> _Exercise requirements_
Each record below gets repeated exactly, and pictures stay out of the copy.

Saved entries
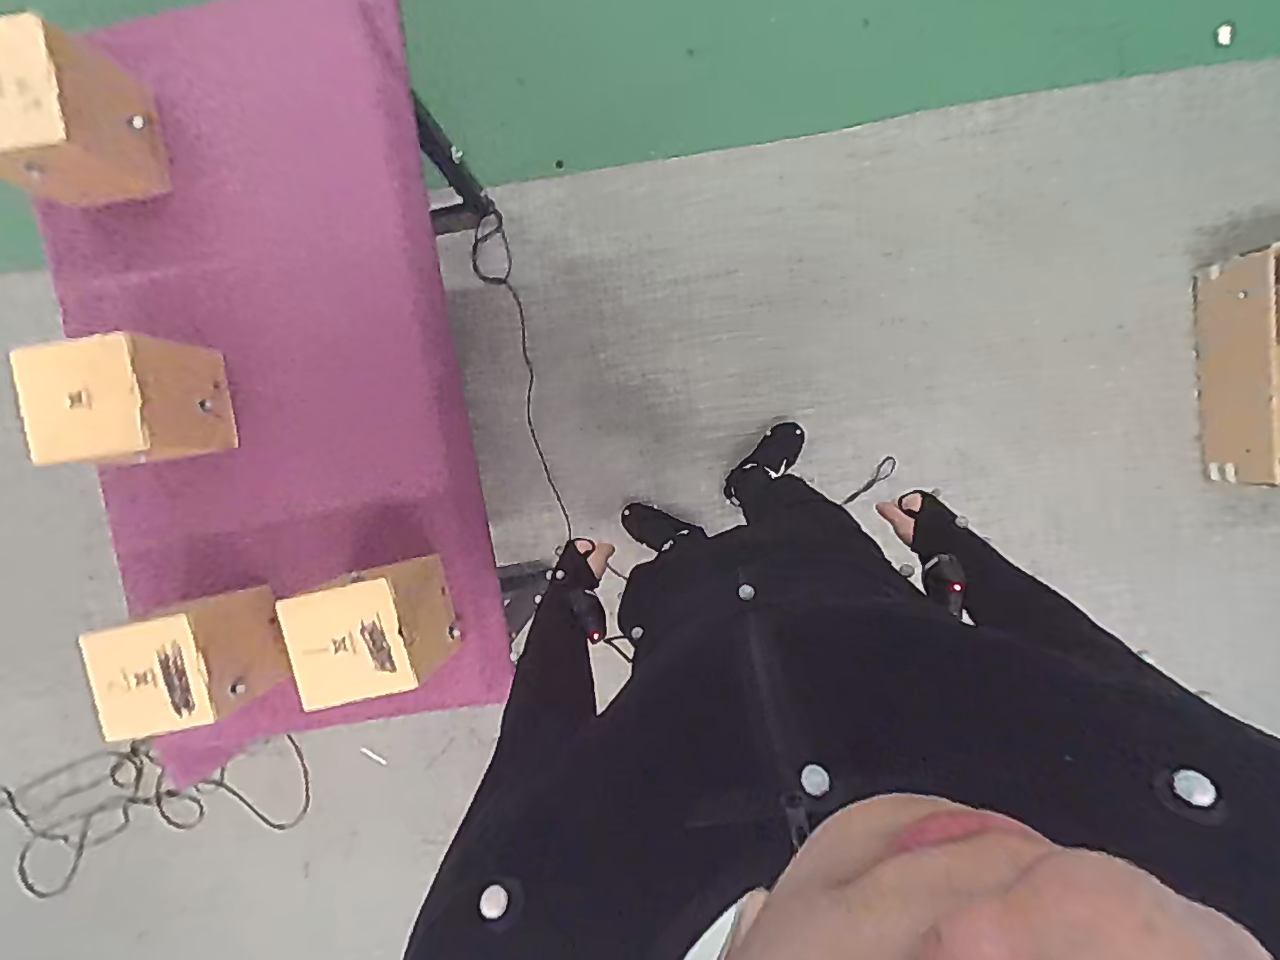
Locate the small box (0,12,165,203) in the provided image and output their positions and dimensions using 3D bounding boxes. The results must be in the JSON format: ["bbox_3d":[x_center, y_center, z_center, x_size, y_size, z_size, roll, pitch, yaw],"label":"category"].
[{"bbox_3d":[-0.874,-0.535,0.803,0.179,0.176,0.168,-8,96,2],"label":"small box"}]

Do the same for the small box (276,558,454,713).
[{"bbox_3d":[-0.408,0.229,0.839,0.179,0.176,0.168,-13,93,5],"label":"small box"}]

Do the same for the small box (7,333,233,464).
[{"bbox_3d":[-0.785,-0.116,0.834,0.179,0.176,0.168,-9,93,2],"label":"small box"}]
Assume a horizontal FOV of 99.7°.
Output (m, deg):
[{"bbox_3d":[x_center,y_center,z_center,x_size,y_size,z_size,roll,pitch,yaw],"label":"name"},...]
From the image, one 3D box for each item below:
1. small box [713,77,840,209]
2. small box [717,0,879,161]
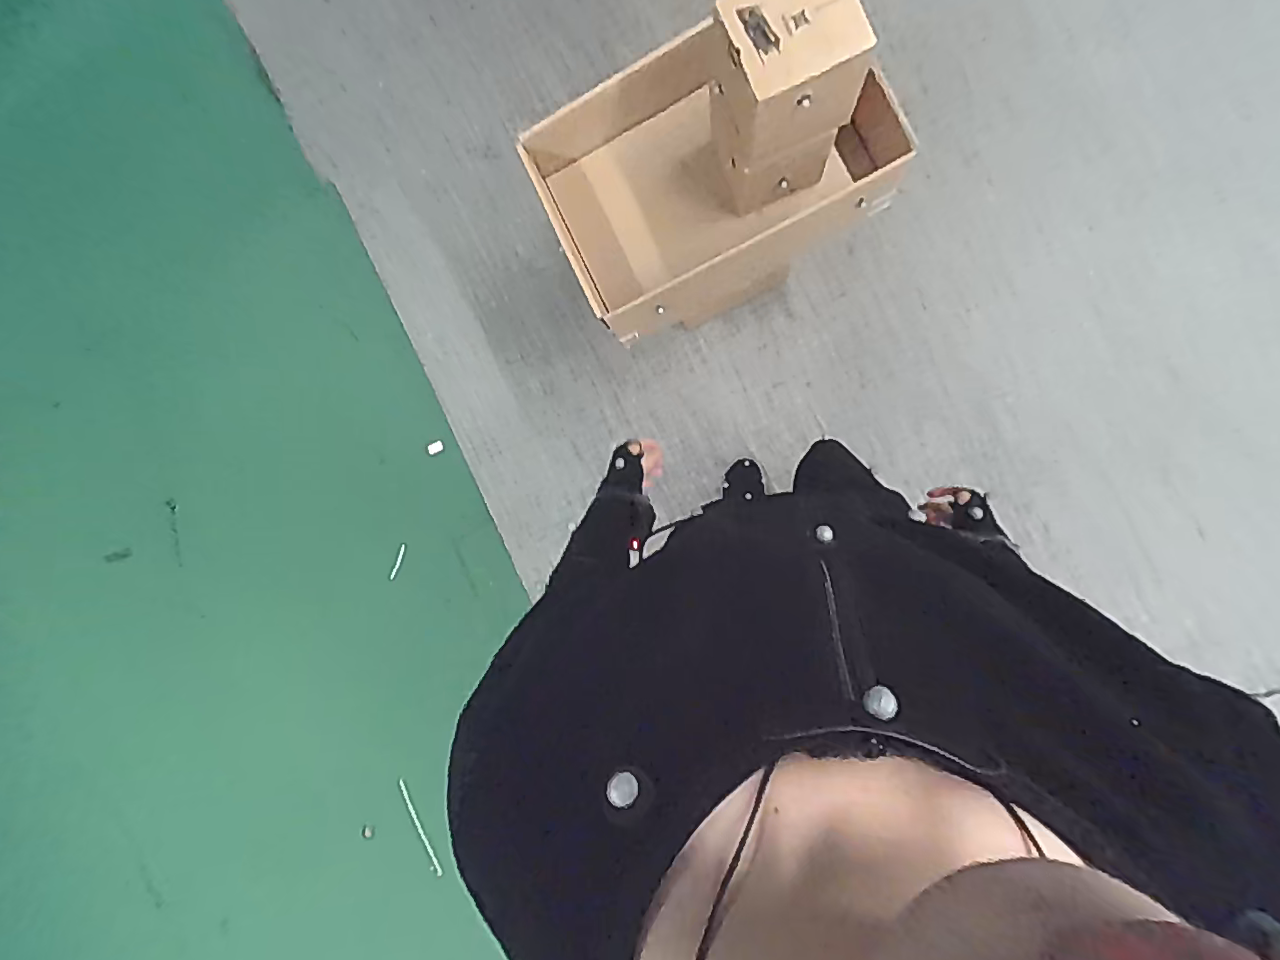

> _Worked solution_
Locate the small box (0,12,165,203) in the provided image and output their positions and dimensions using 3D bounding boxes. The results must be in the JSON format: ["bbox_3d":[x_center, y_center, z_center, x_size, y_size, z_size, roll, pitch, yaw],"label":"category"].
[{"bbox_3d":[-0.874,-0.535,0.803,0.179,0.176,0.168,-8,96,2],"label":"small box"}]

Do the same for the small box (276,558,454,713).
[{"bbox_3d":[-0.408,0.229,0.839,0.179,0.176,0.168,-13,93,5],"label":"small box"}]

Do the same for the small box (7,333,233,464).
[{"bbox_3d":[-0.785,-0.116,0.834,0.179,0.176,0.168,-9,93,2],"label":"small box"}]
Assume a horizontal FOV of 99.7°.
Output (m, deg):
[{"bbox_3d":[x_center,y_center,z_center,x_size,y_size,z_size,roll,pitch,yaw],"label":"name"},...]
From the image, one 3D box for each item below:
1. small box [713,77,840,209]
2. small box [717,0,879,161]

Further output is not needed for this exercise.